**Stored data entries**:

· · · ·

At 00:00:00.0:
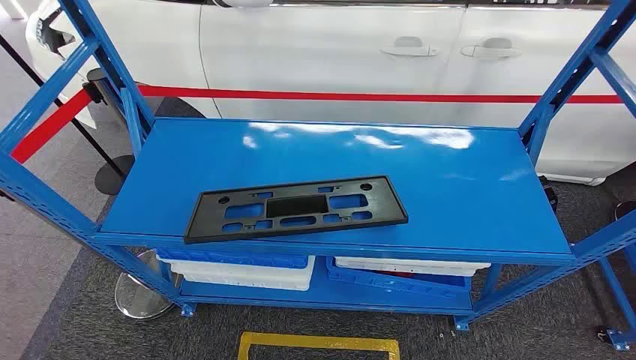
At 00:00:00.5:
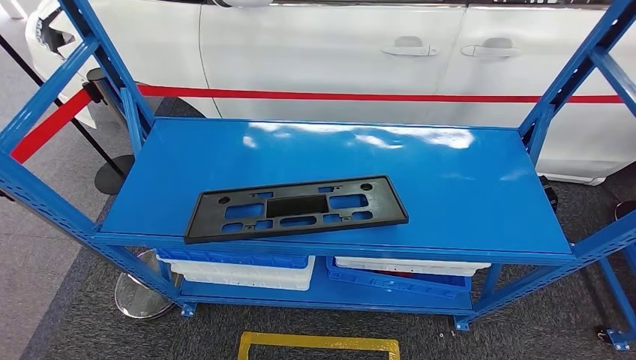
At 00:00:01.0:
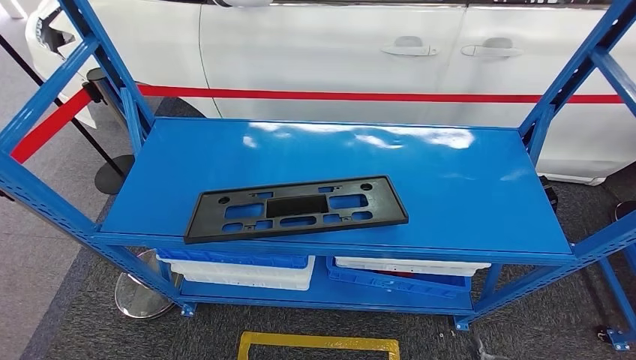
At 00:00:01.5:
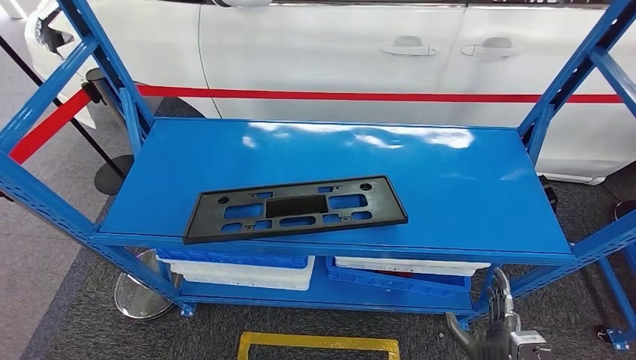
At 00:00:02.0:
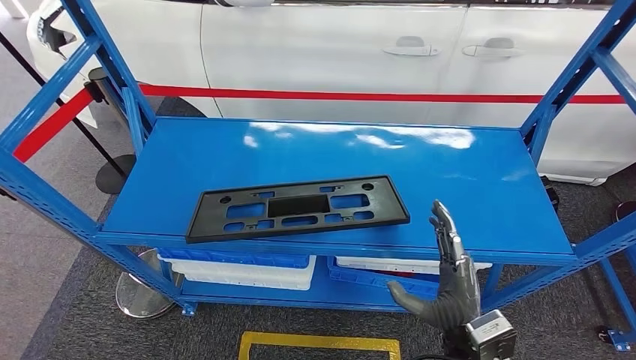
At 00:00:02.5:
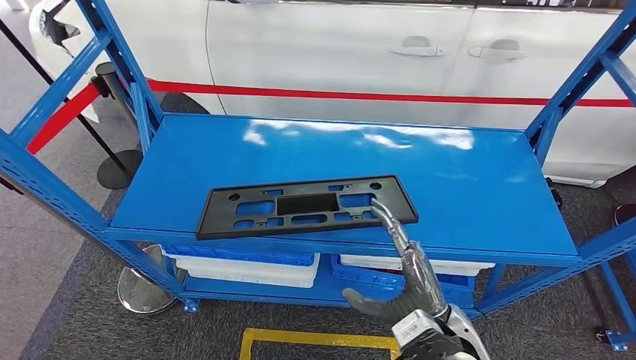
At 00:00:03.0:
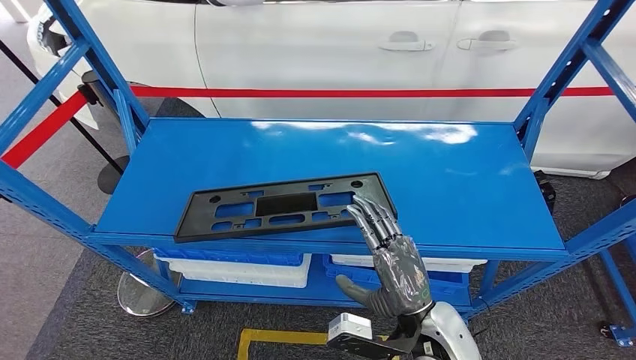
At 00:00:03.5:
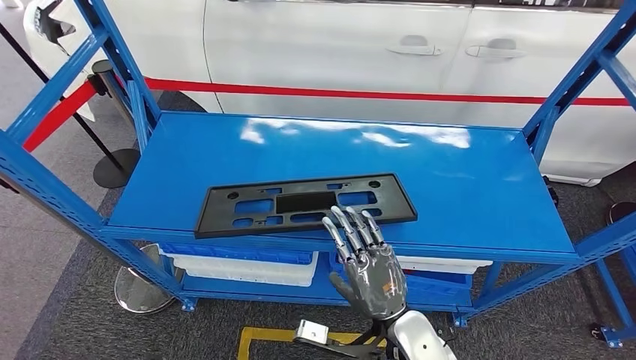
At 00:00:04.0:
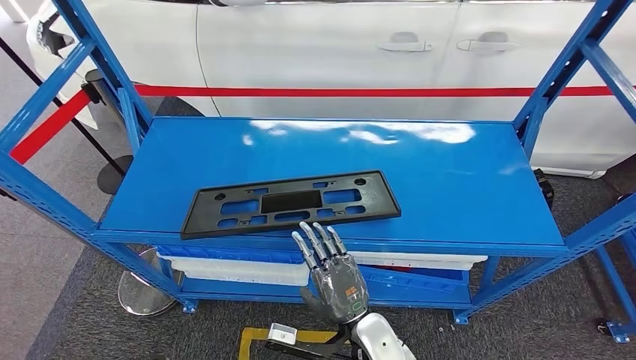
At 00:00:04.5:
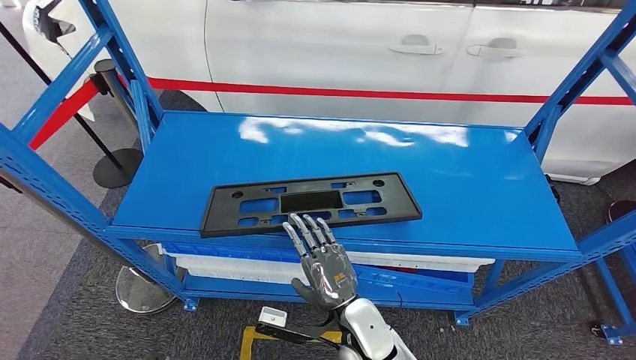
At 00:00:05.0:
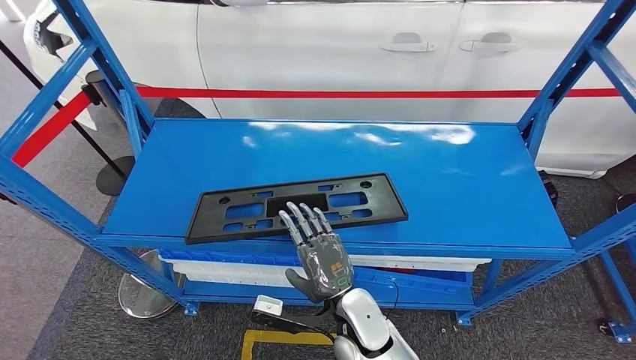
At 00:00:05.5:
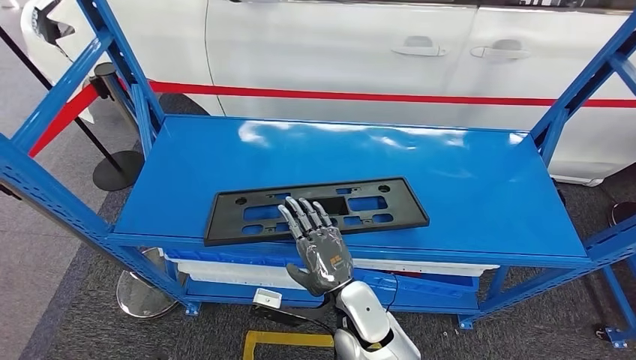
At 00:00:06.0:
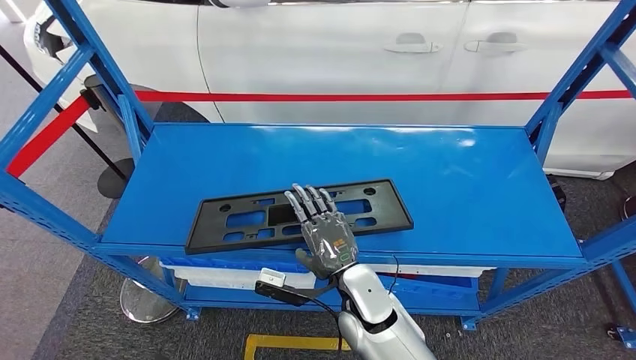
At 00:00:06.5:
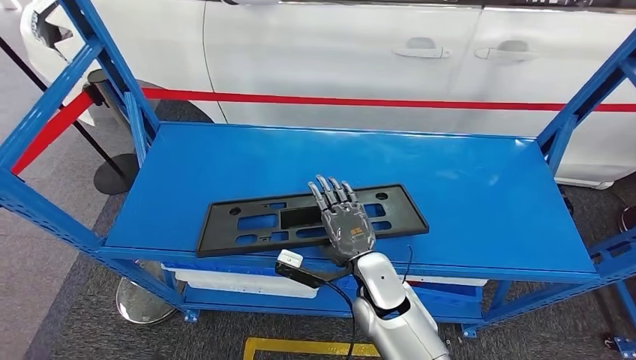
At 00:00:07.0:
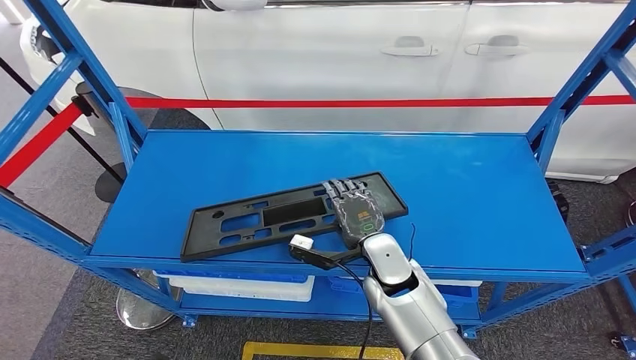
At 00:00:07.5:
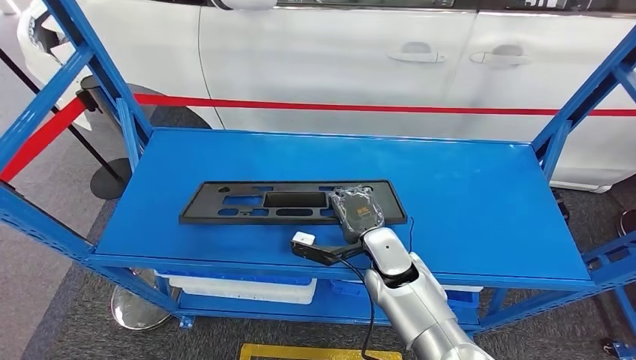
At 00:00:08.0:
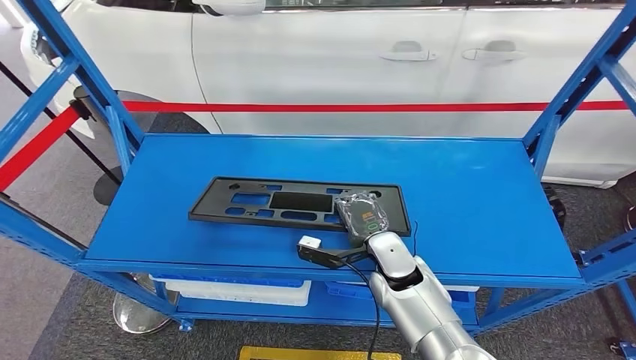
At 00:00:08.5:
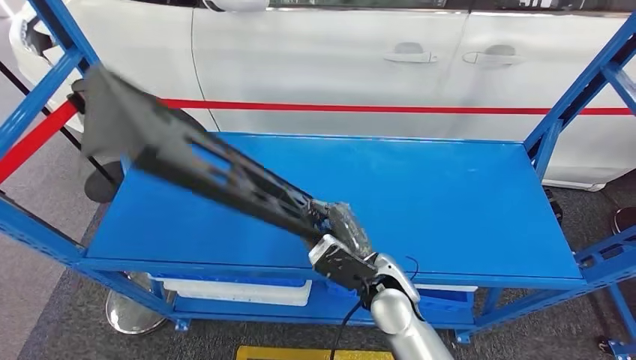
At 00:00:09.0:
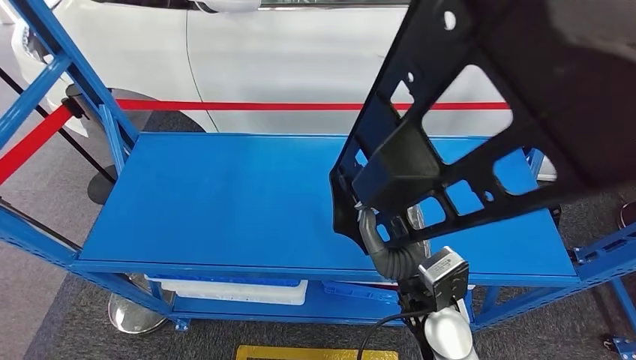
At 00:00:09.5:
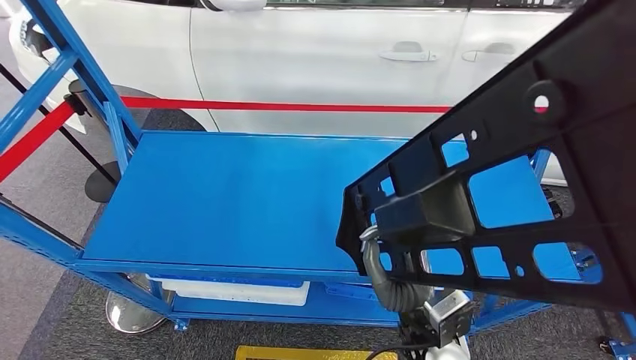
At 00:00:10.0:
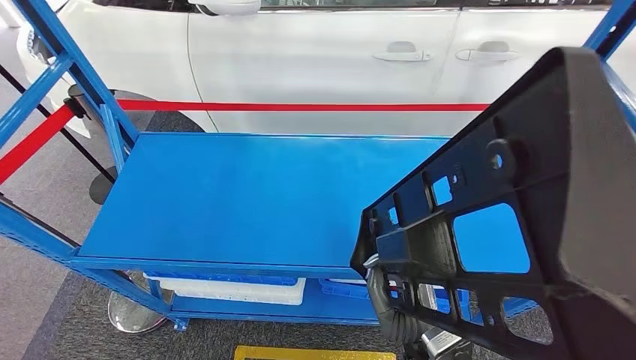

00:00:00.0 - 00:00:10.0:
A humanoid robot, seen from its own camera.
Step, 00:00:00.0 - 00:00:09.5: Pick up the large material from the shelf.

· · · ·

**About this exercise**: None of the pictures should appear; the rest of the entries must be reproduced exactly.

**Your response**:
At 00:00:00.0:
At 00:00:00.5:
At 00:00:01.0:
At 00:00:01.5:
At 00:00:02.0:
At 00:00:02.5:
At 00:00:03.0:
At 00:00:03.5:
At 00:00:04.0:
At 00:00:04.5:
At 00:00:05.0:
At 00:00:05.5:
At 00:00:06.0:
At 00:00:06.5:
At 00:00:07.0:
At 00:00:07.5:
At 00:00:08.0:
At 00:00:08.5:
At 00:00:09.0:
At 00:00:09.5:
At 00:00:10.0:

00:00:00.0 - 00:00:10.0:
A humanoid robot, seen from its own camera.
Step, 00:00:00.0 - 00:00:09.5: Pick up the large material from the shelf.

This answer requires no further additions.